The Dili that Ms Wilson walked into is a city still rising from its own ashes following a brutal 25-year Indonesian occupation that culminated in the capital being completely razed to the ground in 2000.

Renee Wilson with investigators from Policia Nacional de Timor-Leste. Picture supplied

Despite its urban classification, the city functions less like a metropolis and more like an expansive network of tight-knit villages where "everyone knows everyone's business," and petty disputes are handled organically by a village elder.

In Dili, property crimes are virtually non-existent, instead, the streets see a high volume of opportunistic crimes, such as drive-by mobile phone snatchings from the backs of speeding motorbikes.

Ms Wilson said Timor-Leste, like Australia, had high rates of domestic violence, adding that a serious lack of access to abortion in the country also caused high rates of infanticide.

It is also common to come across historic crimes on the island when locals go looking for outdoor toilets, she said.

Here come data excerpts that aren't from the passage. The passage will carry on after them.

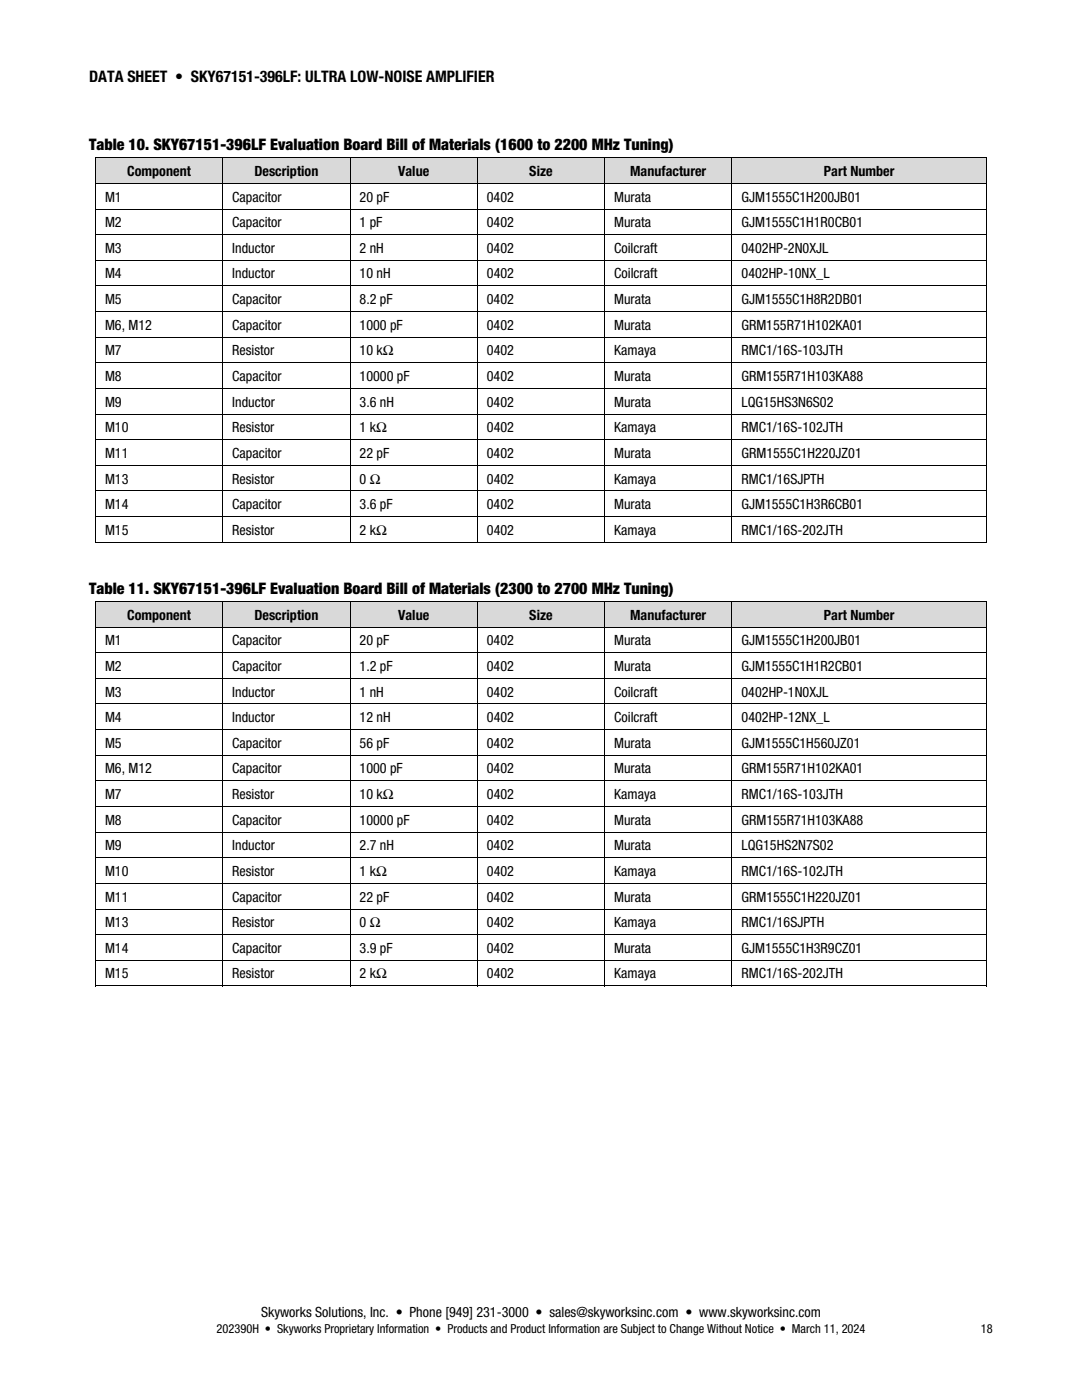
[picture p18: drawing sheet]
<svg xmlns="http://www.w3.org/2000/svg" width="216mm" height="279mm" viewBox="0 0 216 279" stroke-linecap="round" stroke-linejoin="round" font-family="sans-serif">
<defs><g id="words">
<g font-size="3.2">
<text x="17.8" y="16.4">DATA SHEET • SKY67151-396LF: ULTRA LOW-NOISE AMPLIFIER</text>
<text x="17.8" y="29.9">Table 10. SKY67151-396LF Evaluation Board Bill of Materials (1600 to 2200 MHz Tuning)</text>
<text x="17.8" y="118.5">Table 11. SKY67151-396LF Evaluation Board Bill of Materials (2300 to 2700 MHz Tuning)</text>
</g>
<g font-size="2.8">
<text x="25.4" y="35.1">Component</text>
<text x="50.8" y="35.1">Description</text>
<text x="79.4" y="35.1">Value</text>
<text x="105.6" y="35.1">Size</text>
<text x="125.8" y="35.1">Manufacturer</text>
<text x="164.4" y="35.1">Part Number</text>
<text x="21" y="40.2">M1</text>
<text x="46.3" y="40.2">Capacitor</text>
<text x="71.8" y="40.2">20 pF</text>
<text x="97.1" y="40.2">0402</text>
<text x="122.5" y="40.2">Murata</text>
<text x="148" y="40.2">GJM1555C1H200JB01</text>
<text x="21" y="45.3">M2</text>
<text x="46.3" y="45.3">Capacitor</text>
<text x="71.8" y="45.3">1 pF</text>
<text x="97.1" y="45.3">0402</text>
<text x="122.5" y="45.3">Murata</text>
<text x="148" y="45.3">GJM1555C1H1R0CB01</text>
<text x="21" y="50.5">M3</text>
<text x="46.4" y="50.5">Inductor</text>
<text x="71.7" y="50.5">2 nH</text>
<text x="97.1" y="50.5">0402</text>
<text x="122.5" y="50.5">Coilcraft</text>
<text x="148" y="50.5">0402HP-2N0XJL</text>
<text x="21" y="55.6">M4</text>
<text x="46.4" y="55.6">Inductor</text>
<text x="71.8" y="55.6">10 nH</text>
<text x="97.2" y="55.6">0402</text>
<text x="122.6" y="55.6">Coilcraft</text>
<text x="148" y="55.6">0402HP-10NX_L</text>
<text x="21" y="60.7">M5</text>
<text x="21" y="65.8">M6, M12</text>
<text x="46.3" y="65.8">Capacitor</text>
<text x="46.3" y="60.7">Capacitor</text>
<text x="71.7" y="65.8">1000 pF</text>
<text x="71.8" y="60.7">8.2 pF</text>
<text x="97.1" y="65.8">0402</text>
<text x="97.1" y="60.7">0402</text>
<text x="122.5" y="65.8">Murata</text>
<text x="122.5" y="60.7">Murata</text>
<text x="147.9" y="65.8">GRM155R71H102KA01</text>
<text x="148" y="60.7">GJM1555C1H8R2DB01</text>
<text x="21" y="70.9">M7</text>
<text x="46.3" y="70.9">Resistor</text>
<text x="71.8" y="70.9">10 kΩ</text>
<text x="97.2" y="70.9">0402</text>
<text x="122.6" y="70.9">Kamaya</text>
<text x="148" y="70.9">RMC1/16S-103JTH</text>
<text x="21" y="76">M8</text>
<text x="46.3" y="76">Capacitor</text>
<text x="71.8" y="76">10000 pF</text>
<text x="97.1" y="76">0402</text>
<text x="122.5" y="76">Murata</text>
<text x="148" y="76">GRM155R71H103KA88</text>
<text x="21" y="81.2">M9</text>
<text x="46.4" y="81.2">Inductor</text>
<text x="71.7" y="81.2">3.6 nH</text>
<text x="97.1" y="81.2">0402</text>
<text x="122.5" y="81.2">Murata</text>
<text x="148" y="81.2">LQG15HS3N6S02</text>
<text x="21" y="86.3">M10</text>
<text x="46.3" y="86.3">Resistor</text>
<text x="71.8" y="86.3">1 kΩ</text>
<text x="97.2" y="86.3">0402</text>
<text x="122.6" y="86.3">Kamaya</text>
<text x="148" y="86.3">RMC1/16S-102JTH</text>
<text x="21" y="91.4">M11</text>
<text x="46.3" y="91.4">Capacitor</text>
<text x="71.8" y="91.4">22 pF</text>
<text x="97.1" y="91.4">0402</text>
<text x="122.5" y="91.4">Murata</text>
<text x="148" y="91.4">GRM1555C1H220JZ01</text>
<text x="21" y="96.5">M13</text>
<text x="21" y="101.6">M14</text>
<text x="46.3" y="96.5">Resistor</text>
<text x="46.3" y="101.6">Capacitor</text>
<text x="71.8" y="101.6">3.6 pF</text>
<text x="71.8" y="96.5">0 Ω</text>
<text x="97.1" y="101.6">0402</text>
<text x="97.2" y="96.5">0402</text>
<text x="122.5" y="101.6">Murata</text>
<text x="122.6" y="96.5">Kamaya</text>
<text x="148" y="96.5">RMC1/16SJPTH</text>
<text x="148" y="101.6">GJM1555C1H3R6CB01</text>
<text x="21" y="106.7">M15</text>
<text x="46.3" y="106.7">Resistor</text>
<text x="71.8" y="106.7">2 kΩ</text>
<text x="97.2" y="106.7">0402</text>
<text x="122.6" y="106.7">Kamaya</text>
<text x="148" y="106.7">RMC1/16S-202JTH</text>
<text x="25.4" y="123.7">Component</text>
<text x="50.8" y="123.7">Description</text>
<text x="79.4" y="123.7">Value</text>
<text x="105.6" y="123.7">Size</text>
<text x="125.8" y="123.7">Manufacturer</text>
<text x="164.4" y="123.7">Part Number</text>
<text x="21" y="128.8">M1</text>
<text x="46.3" y="128.8">Capacitor</text>
<text x="71.8" y="128.8">20 pF</text>
<text x="97.1" y="128.8">0402</text>
<text x="122.5" y="128.8">Murata</text>
<text x="148" y="128.8">GJM1555C1H200JB01</text>
<text x="21" y="133.9">M2</text>
<text x="46.3" y="133.9">Capacitor</text>
<text x="71.8" y="133.9">1.2 pF</text>
<text x="97.1" y="133.9">0402</text>
<text x="122.5" y="133.9">Murata</text>
<text x="148" y="133.9">GJM1555C1H1R2CB01</text>
<text x="21" y="139">M3</text>
<text x="46.4" y="139">Inductor</text>
<text x="71.7" y="139">1 nH</text>
<text x="97.1" y="139">0402</text>
<text x="122.5" y="139">Coilcraft</text>
<text x="148" y="139">0402HP-1N0XJL</text>
<text x="21" y="144.1">M4</text>
<text x="21" y="149.2">M5</text>
<text x="46.3" y="149.2">Capacitor</text>
<text x="46.4" y="144.1">Inductor</text>
<text x="71.8" y="144.1">12 nH</text>
<text x="71.8" y="149.2">56 pF</text>
<text x="97.1" y="149.2">0402</text>
<text x="97.2" y="144.1">0402</text>
<text x="122.5" y="149.2">Murata</text>
<text x="122.6" y="144.1">Coilcraft</text>
<text x="148" y="149.2">GJM1555C1H560JZ01</text>
<text x="148" y="144.1">0402HP-12NX_L</text>
<text x="21" y="154.3">M6, M12</text>
<text x="46.3" y="154.3">Capacitor</text>
<text x="71.7" y="154.3">1000 pF</text>
<text x="97.1" y="154.3">0402</text>
<text x="122.5" y="154.3">Murata</text>
<text x="147.9" y="154.3">GRM155R71H102KA01</text>
<text x="21" y="159.5">M7</text>
<text x="46.3" y="159.5">Resistor</text>
<text x="71.8" y="159.5">10 kΩ</text>
<text x="97.2" y="159.5">0402</text>
<text x="122.6" y="159.5">Kamaya</text>
<text x="148" y="159.5">RMC1/16S-103JTH</text>
<text x="21" y="164.6">M8</text>
<text x="46.3" y="164.6">Capacitor</text>
<text x="71.8" y="164.6">10000 pF</text>
<text x="97.1" y="164.6">0402</text>
<text x="122.5" y="164.6">Murata</text>
<text x="148" y="164.6">GRM155R71H103KA88</text>
<text x="21" y="169.7">M9</text>
<text x="46.4" y="169.7">Inductor</text>
<text x="71.7" y="169.7">2.7 nH</text>
<text x="97.1" y="169.7">0402</text>
<text x="122.5" y="169.7">Murata</text>
<text x="148" y="169.7">LQG15HS2N7S02</text>
<text x="21" y="174.8">M10</text>
<text x="21" y="179.9">M11</text>
<text x="46.3" y="174.8">Resistor</text>
<text x="46.3" y="179.9">Capacitor</text>
<text x="71.8" y="179.9">22 pF</text>
<text x="71.8" y="174.8">1 kΩ</text>
<text x="97.1" y="179.9">0402</text>
<text x="97.2" y="174.8">0402</text>
<text x="122.5" y="179.9">Murata</text>
<text x="122.6" y="174.8">Kamaya</text>
<text x="148" y="179.9">GRM1555C1H220JZ01</text>
<text x="148" y="174.8">RMC1/16S-102JTH</text>
<text x="21" y="185">M13</text>
<text x="46.3" y="185">Resistor</text>
<text x="71.8" y="185">0 Ω</text>
<text x="97.2" y="185">0402</text>
<text x="122.6" y="185">Kamaya</text>
<text x="148" y="185">RMC1/16SJPTH</text>
<text x="21" y="190.2">M14</text>
<text x="46.3" y="190.2">Capacitor</text>
<text x="71.8" y="190.2">3.9 pF</text>
<text x="97.1" y="190.2">0402</text>
<text x="122.5" y="190.2">Murata</text>
<text x="148" y="190.2">GJM1555C1H3R9CZ01</text>
<text x="21" y="195.3">M15</text>
<text x="46.3" y="195.3">Resistor</text>
<text x="71.8" y="195.3">2 kΩ</text>
<text x="97.2" y="195.3">0402</text>
<text x="122.6" y="195.3">Kamaya</text>
<text x="148" y="195.3">RMC1/16S-202JTH</text>
<text x="52.1" y="262.8">Skyworks Solutions, Inc. • Phone [949] 231-3000 • sales@skyworksinc.com • www.skyworksinc.com</text>
</g>
<g font-size="2.5">
<text x="43.2" y="266.1">202390H • Skyworks Proprietary Information • Products and Product Information are Subject to Change Without Notice • March 11, 2024</text>
<text x="195.7" y="266.1">18</text>
</g>
</g></defs>
<g fill="#d9d9d9">
<path d="M19.1 31.6h25.3v4.9h-25.3z"/>
<path d="M21 31.6h21.5v4.9h-21.5z"/>
<path d="M44.5 31.6h25.3v4.9h-25.3z"/>
<path d="M46.4 31.6h21.5v4.9h-21.5z"/>
<path d="M69.9 31.6h25.3v4.9h-25.3z"/>
<path d="M71.8 31.6h21.5v4.9h-21.5z"/>
<path d="M95.3 31.6h25.3v4.9h-25.3z"/>
<path d="M97.2 31.6h21.5v4.9h-21.5z"/>
<path d="M120.7 31.6h25.3v4.9h-25.3z"/>
<path d="M122.6 31.6h21.5v4.9h-21.5z"/>
<path d="M146.1 31.6h50.7v4.9h-50.7z"/>
<path d="M148 31.6h46.9v4.9h-46.9z"/>
</g>
<g fill="#000">
<path d="M19 31.4h.1v.2h-.1zM196.8 31.4h.1v.2h-.1zM196.8 36.5h.1v.2h-.1zM196.8 41.6h.1v.2h-.1zM196.8 46.7h.1v.2h-.1zM196.8 51.9h.1v.1h-.1zM196.8 57h.1v.2h-.1zM196.8 62.1h.1v.2h-.1zM196.8 67.2h.1v.2h-.1zM196.8 72.3h.1v.2h-.1zM196.8 77.4h.1v.2h-.1zM196.8 82.5h.1v.2h-.1z"/>
<path d="M196.8 87.7h.1v.1h-.1zM196.8 92.8h.1v.1h-.1zM196.8 97.9h.1v.2h-.1zM196.8 103h.1v.2h-.1zM196.8 108.1h.1v.2h-.1z"/>
</g>
<g fill="none" stroke="#000" stroke-width=".2">
<path d="M19 36.6h177.8M19 31.6v4.9M19 36.7v4.9M44.5 31.6v4.9M44.5 36.7v4.9M69.8 31.6v4.9M69.8 36.7v4.9M95.2 31.6v4.9M95.2 36.7v4.9M120.6 31.6v4.9M120.6 36.7v4.9M146.1 31.6v4.9"/>
<path d="M146.1 36.7v4.9M196.8 31.5h-177.8M196.8 31.6v4.9M196.8 36.7v4.9M19 41.7h177.8M19 51.9h177.8M19 57.1h177.8M19 41.8v4.9M19 46.9v5M19 52v5M19 57.2v4.9M44.5 41.8v4.9"/>
<path d="M44.5 46.9v5M44.5 52v5M44.5 57.2v4.9M69.8 41.8v4.9M69.8 46.9v5M69.8 52v5M69.8 57.2v4.9M95.2 41.8v4.9M95.2 46.9v5M95.2 52v5M95.2 57.2v4.9M120.6 41.8v4.9"/>
<path d="M120.6 46.9v5M120.6 52v5M120.6 57.2v4.9M146.1 41.8v4.9M146.1 46.9v5M146.1 52v5M146.1 57.2v4.9M196.8 46.8h-177.8M196.8 41.8v4.9M196.8 46.9v5M196.8 52v5M196.8 57.2v4.9"/>
<path d="M19 67.3h177.8M19 72.4h177.8M19 62.3v4.9M19 67.4v4.9M19 72.5v4.9M19 77.6v4.9M44.5 62.3v4.9M44.5 67.4v4.9M44.5 72.5v4.9M44.5 77.6v4.9M69.8 62.3v4.9M69.8 67.4v4.9"/>
<path d="M69.8 72.5v4.9M69.8 77.6v4.9M95.2 62.3v4.9M95.2 67.4v4.9M95.2 72.5v4.9M95.2 77.6v4.9M120.6 62.3v4.9M120.6 67.4v4.9M120.6 72.5v4.9M120.6 77.6v4.9M146.1 62.3v4.9M146.1 67.4v4.9"/>
<path d="M146.1 72.5v4.9M146.1 77.6v4.9M196.8 62.2h-177.8M196.8 77.5h-177.8M196.8 62.3v4.9M196.8 67.4v4.9M196.8 72.5v4.9M196.8 77.6v4.9M19 82.6h177.8M19 87.8h177.8M19 98h177.8M19 82.7v5"/>
<path d="M19 87.8v5M19 92.9v5M19 98.1v4.9M44.5 82.7v5M44.5 87.8v5M44.5 92.9v5M44.5 98.1v4.9M69.8 82.7v5M69.8 87.8v5M69.8 92.9v5M69.8 98.1v4.9M95.2 82.7v5"/>
<path d="M95.2 87.8v5M95.2 92.9v5M95.2 98.1v4.9M120.6 82.7v5M120.6 87.8v5M120.6 92.9v5M120.6 98.1v4.9M146.1 82.7v5M146.1 87.8v5M146.1 92.9v5M146.1 98.1v4.9M196.8 92.9h-177.8"/>
<path d="M196.8 82.7v5M196.8 87.8v5M196.8 92.9v5M196.8 98.1v4.9M19 108.2h25.4M19 103.2v5.1M44.5 103.2v5.1M44.5 108.2h25.3M69.8 103.2v5.1M69.9 108.2h25.3M95.2 103.2v5.1M95.3 108.2h25.3"/>
<path d="M120.6 103.2v5.1M120.7 108.2h25.3M146.1 103.2v5.1M146.1 108.2h50.7M196.8 103.1h-177.8M196.8 103.2v5.1"/>
</g>
<g fill="#d9d9d9">
<path d="M19.1 120.1h25.3v5h-25.3z"/>
<path d="M21 120.1h21.5v5h-21.5z"/>
<path d="M44.5 120.1h25.3v5h-25.3z"/>
<path d="M46.4 120.1h21.5v5h-21.5z"/>
<path d="M69.9 120.1h25.3v5h-25.3z"/>
<path d="M71.8 120.1h21.5v5h-21.5z"/>
<path d="M95.3 120.1h25.3v5h-25.3z"/>
<path d="M97.2 120.1h21.5v5h-21.5z"/>
<path d="M120.7 120.1h25.3v5h-25.3z"/>
<path d="M122.6 120.1h21.5v5h-21.5z"/>
<path d="M146.1 120.1h50.7v5h-50.7z"/>
<path d="M148 120.1h46.9v5h-46.9z"/>
</g>
<g fill="#000">
<path d="M19 120h.1v.1h-.1zM196.8 120h.1v.1h-.1zM196.8 125.1h.1v.1h-.1zM196.8 130.2h.1v.1h-.1zM196.8 135.3h.1v.2h-.1zM196.8 140.4h.1v.2h-.1zM196.8 145.5h.1v.2h-.1zM196.8 150.6h.1v.2h-.1zM196.8 155.7h.1v.2h-.1zM196.8 160.9h.1v.1h-.1zM196.8 166h.1v.2h-.1zM196.8 171.1h.1v.2h-.1z"/>
<path d="M196.8 176.2h.1v.2h-.1zM196.8 181.3h.1v.2h-.1zM196.8 186.4h.1v.2h-.1zM196.8 191.6h.1v.1h-.1zM196.8 196.7h.1v.1h-.1z"/>
</g>
<g fill="none" stroke="#000" stroke-width=".2">
<path d="M19 125.1h177.8M19 120.1v5M19 125.2v5M19 130.3v5M19 135.5v4.9M44.5 120.1v5M44.5 125.2v5M44.5 130.3v5M44.5 135.5v4.9M69.8 120.1v5M69.8 125.2v5M69.8 130.3v5"/>
<path d="M69.8 135.5v4.9M95.2 120.1v5M95.2 125.2v5M95.2 130.3v5M95.2 135.5v4.9M120.6 120.1v5M120.6 125.2v5M120.6 130.3v5M120.6 135.5v4.9M146.1 120.1v5M146.1 125.2v5M146.1 130.3v5"/>
<path d="M146.1 135.5v4.9M196.8 120h-177.8M196.8 130.3h-177.8M196.8 135.4h-177.8M196.8 120.1v5M196.8 125.2v5M196.8 130.3v5M196.8 135.5v4.9M19 140.5h177.8M19 155.8h177.8M19 140.6v4.9M19 145.7v4.9"/>
<path d="M19 150.8v4.9M19 155.9v5M44.5 140.6v4.9M44.5 145.7v4.9M44.5 150.8v4.9M44.5 155.9v5M69.8 140.6v4.9M69.8 145.7v4.9M69.8 150.8v4.9M69.8 155.9v5M95.2 140.6v4.9M95.2 145.7v4.9"/>
<path d="M95.2 150.8v4.9M95.2 155.9v5M120.6 140.6v4.9M120.6 145.7v4.9M120.6 150.8v4.9M120.6 155.9v5M146.1 140.6v4.9M146.1 145.7v4.9M146.1 150.8v4.9M146.1 155.9v5M196.8 145.6h-177.8M196.8 150.7h-177.8"/>
<path d="M196.8 140.6v4.9M196.8 145.7v4.9M196.8 150.8v4.9M196.8 155.9v5M19 171.2h177.8M19 161v5M19 166.2v4.9M19 171.3v4.9M19 176.4v4.9M44.5 161v5M44.5 166.2v4.9M44.5 171.3v4.9"/>
<path d="M44.5 176.4v4.9M69.8 161v5M69.8 166.2v4.9M69.8 171.3v4.9M69.8 176.4v4.9M95.2 161v5M95.2 166.2v4.9M95.2 171.3v4.9M95.2 176.4v4.9M120.6 161v5M120.6 166.2v4.9M120.6 171.3v4.9"/>
<path d="M120.6 176.4v4.9M146.1 161v5M146.1 166.2v4.9M146.1 171.3v4.9M146.1 176.4v4.9M196.8 161h-177.8M196.8 166.1h-177.8M196.8 176.3h-177.8M196.8 161v5M196.8 166.2v4.9M196.8 171.3v4.9M196.8 176.4v4.9"/>
<path d="M19 186.5h177.8M19 191.6h177.8M19 196.8h25.4M19 181.5v4.9M19 186.6v5M19 191.7v5.1M44.5 181.5v4.9M44.5 186.6v5M44.5 191.7v5.1M44.5 196.8h25.3M69.8 181.5v4.9M69.8 186.6v5"/>
<path d="M69.8 191.7v5.1M69.9 196.8h25.3M95.2 181.5v4.9M95.2 186.6v5M95.2 191.7v5.1M95.3 196.8h25.3M120.6 181.5v4.9M120.6 186.6v5M120.6 191.7v5.1M120.7 196.8h25.3M146.1 181.5v4.9M146.1 186.6v5"/>
<path d="M146.1 191.7v5.1M146.1 196.8h50.7M196.8 181.4h-177.8M196.8 181.5v4.9M196.8 186.6v5M196.8 191.7v5.1"/>
</g>
<use href="#words"/>
</svg>

"They dig their toilets, and frequently when they dig, they find human remains. If you're digging a decent hole, you're probably going to find human remains in it. It could be from Indonesian times, Portuguese times, or further back," Ms Wilson said.

She said Dili's mortuary, unfortunately lacking a DNA database and profiling capabilities, holds several hundred human remains waiting to be identified.

Renee Wilson with her team of Policia Nacional de Timor-Leste members. Picture supplied

"Timor gets in your blood. I've gotta say it's one of the places that the people are just beautiful souls," Ms Wilson said.

The forensic adviser will celebrate her 62nd birthday this month before returning to the ACT and taking a well-deserved break and long-service leave.